The planet Mongo is heading towards Earth on a collision course, creating vast storms in its wake. One such storm causes a small transcontinental plane carrying polo player Flash Gordon, the son of an astronomer who is observing the nearing collision, to crash. Flash bails out along with fellow passenger Dale Arden and they land at the home of scientist Dr Zarkov. Zarkov forces them to join him as he launches his homemade rocket to land on Mongo. There they are captured and taken before Ming, the self-styled Emperor of the Universe. Zarkov persuades Ming to stop Mongo’s headlong path but Ming then decides he will conquer the Earth instead. Ming also decides that he will marry Dale. Ming has Flash thrown in the arena but his daughter Princess Aura decides that she wants Flash for herself and intervenes to save him. They escape, hotly pursued by Ming’s soldiers, and travel to the underwater city of the Shark Men and then the Sky City of the Hawkmen. All along the way, Flash gathers allies among the peoples of Mongo as he tries to bring down the evil of Ming’s tyranny and save Dale from her fate.

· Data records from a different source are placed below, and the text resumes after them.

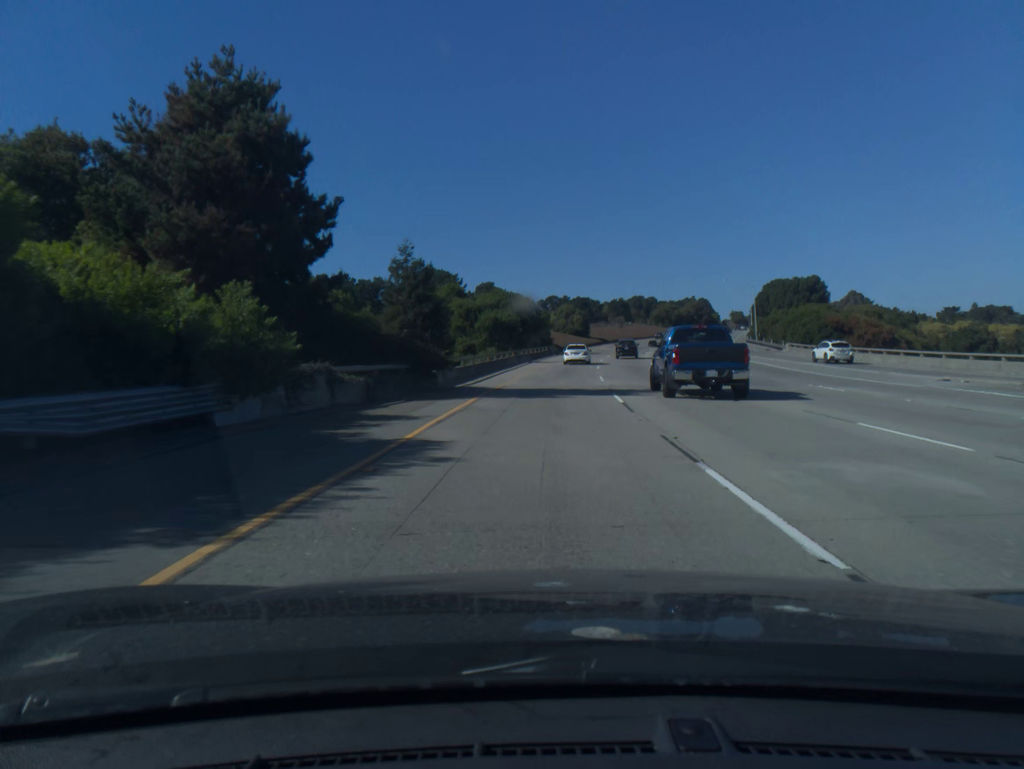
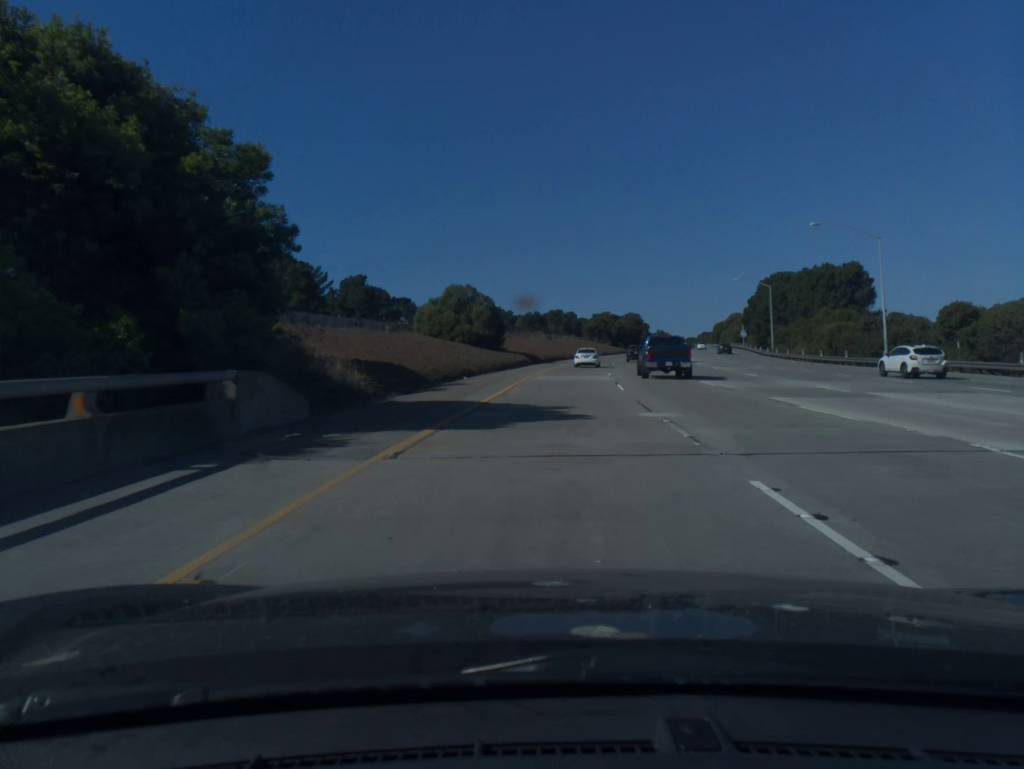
(+4.1, +72.8) m; +7°
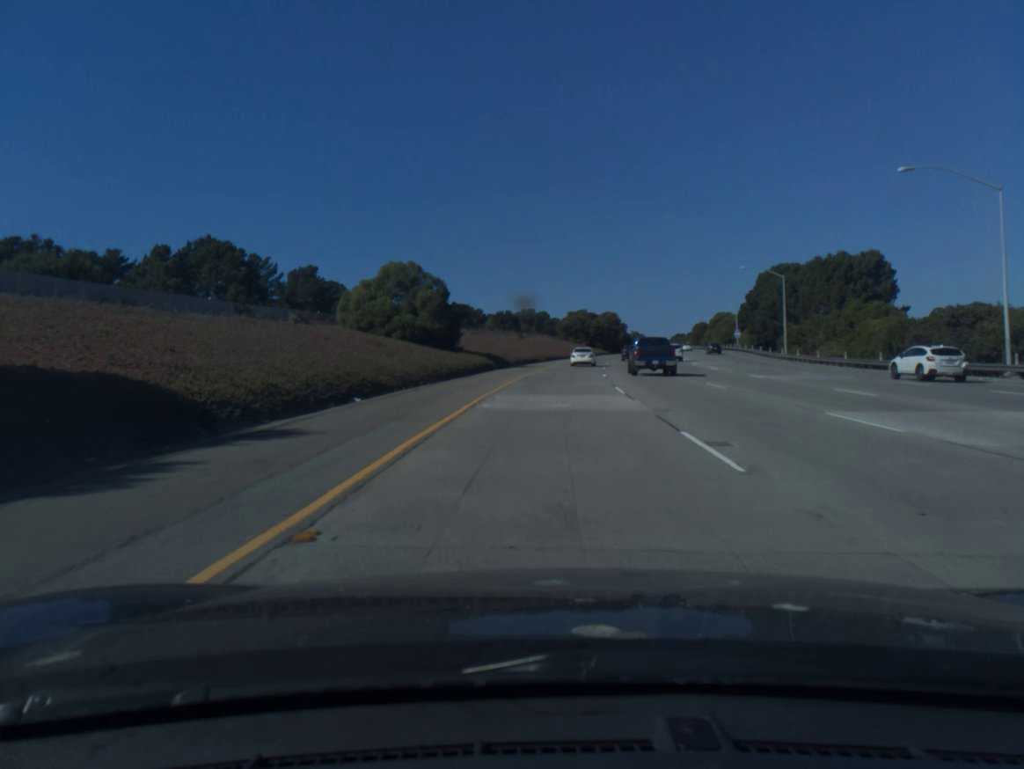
(+0.3, +17.3) m; +2°
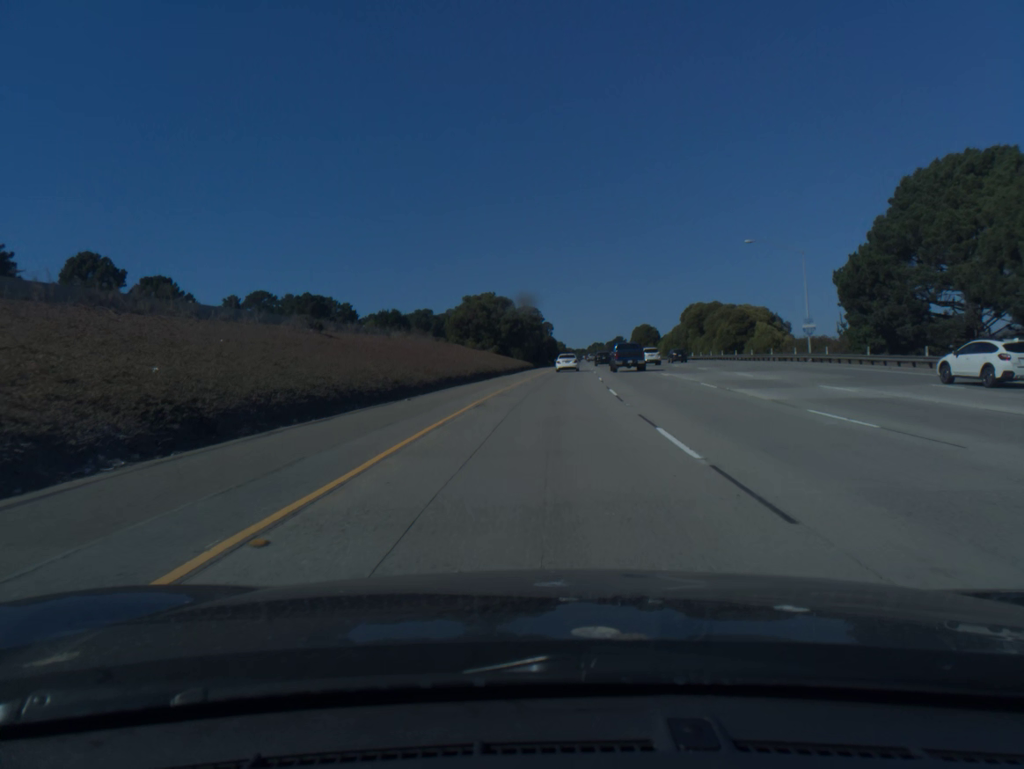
(+4.6, +72.4) m; +7°
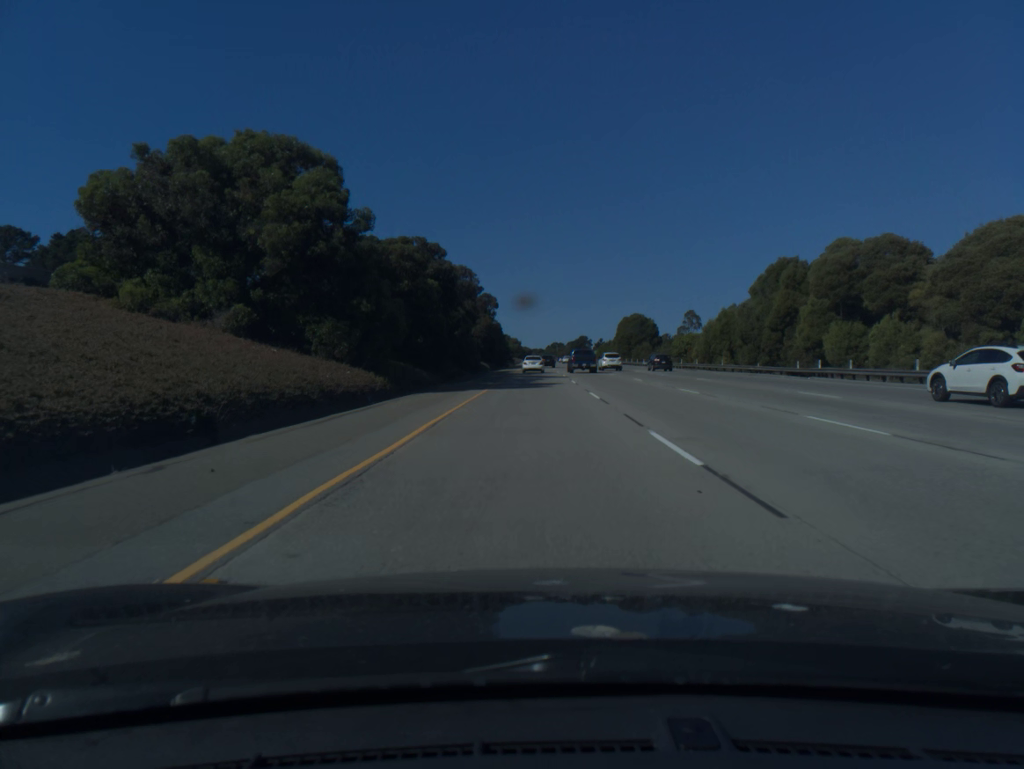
(+2.8, +73.4) m; +3°
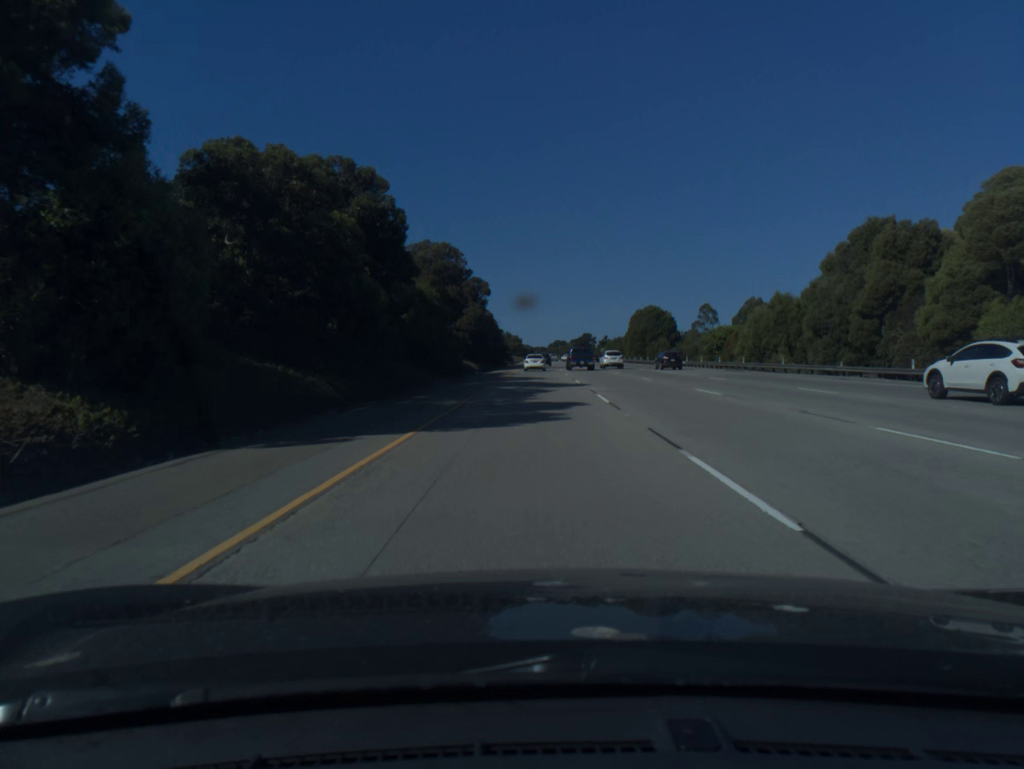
(0.0, +17.8) m; 0°
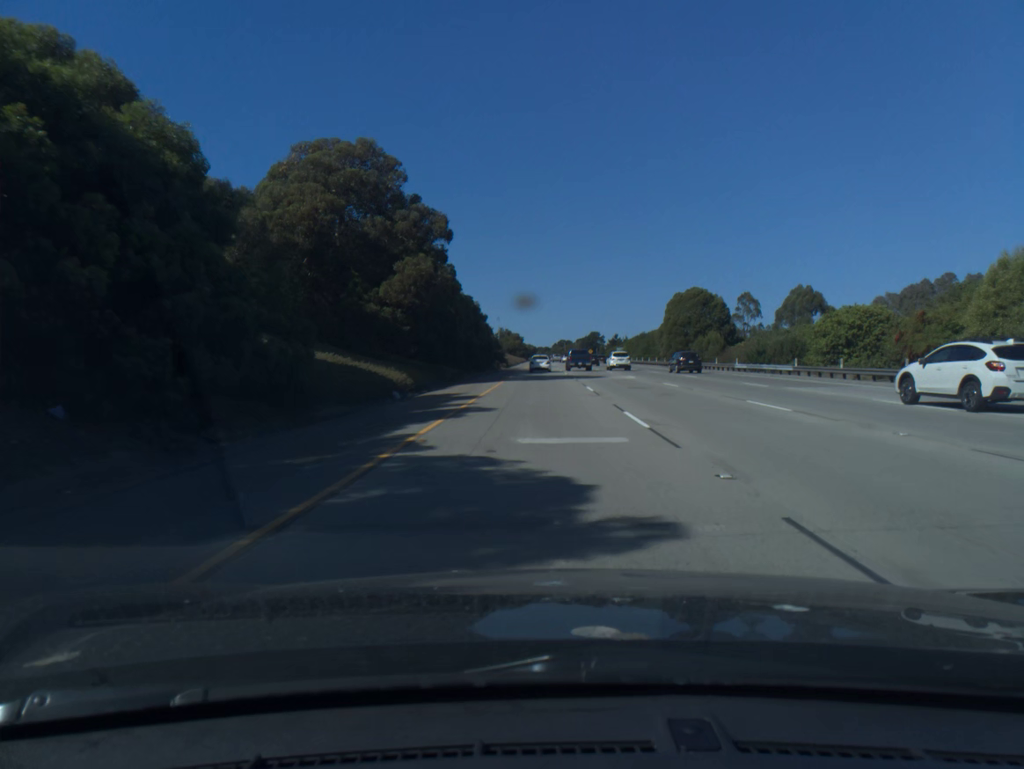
(-0.1, +35.8) m; 0°

Flash Gordon is one of the classic heroic characters in science-fiction. Created by Alex Raymond, Flash Gordon began in 1934 as a syndicated newspaper comic-strip from King Features Syndicate. The original intention was to create another space opera adventure in the vein of Buck Rogers in the 25th Century, which had begun as a newspaper strip in 1929 and had proven a considerable success with the public. In a rapid space of time however, Flash Gordon became a rival that outshone Buck Rogers, particularly in terms of the far more sophisticated artwork of the strip. Most of the early stories concern Flash, Dale and Dr Zarkov’s adventures throughout the various kingdoms of Mongo in an attempt to stop Ming’s evil skulduggery, although later plots expanded their adventures out to other planets. Apart from a stint in the Army in World War II, Alex Raymond worked on the strip until his death in a car accident in 1956. Flash Gordon still continues as a newspaper strip today and has been drawn and written by a number of others, including science-fiction writer Harry Harrison, best known for The Stainless Steel Rat and Soylent Green (1973); celebrated fantasy artist Frank Frazetta; and Harvey Kurtzman, the creator of Mad magazine.

Outside of the comic-strip, Flash Gordon has enjoyed a great many other incarnations, including four different television series, both in live-action and animated (see below); a radio serial that ran between 1935 and 1936; an attempt to launch a pulp magazine Flash Gordon’s Strange Adventure Magazine (1936) that saw only one issue ever published (which has since become a collector’s item); two different series of six books apiece from different publishers during the 1970s and 80s; not to mention various other incarnations and reprints of the comic-book. By far, the most famous incarnations of Flash Gordon were as this serial and its two sequels, which have become so famous they have even supplanted the fame of the comic strip in some areas.

Serials were a fad that began in 1912 and continued through until 1956. A serial was an ongoing adventure, usually in twelve or fifteen chapters, that each week would end with the hero or heroine placed in some life-threatening danger (hence the term cliffhanger) and audiences would have to return the following week to find out how they survived. Almost all serials were intended for juvenile audiences and would run for around 15-20 minutes before the main feature began. There were dozens of these made, covering superheroes, Western, spy, jungle and crime adventures, and a handful of space operas, of which Flash Gordon served as an imprimatur for the others that would follow. What should also be said about most serials is that they were very cheaply and primitively made – footage was often recycled between serials. The serial died away in the 1950s, at exactly the time when television came to supplant cinema as a form of entertainment.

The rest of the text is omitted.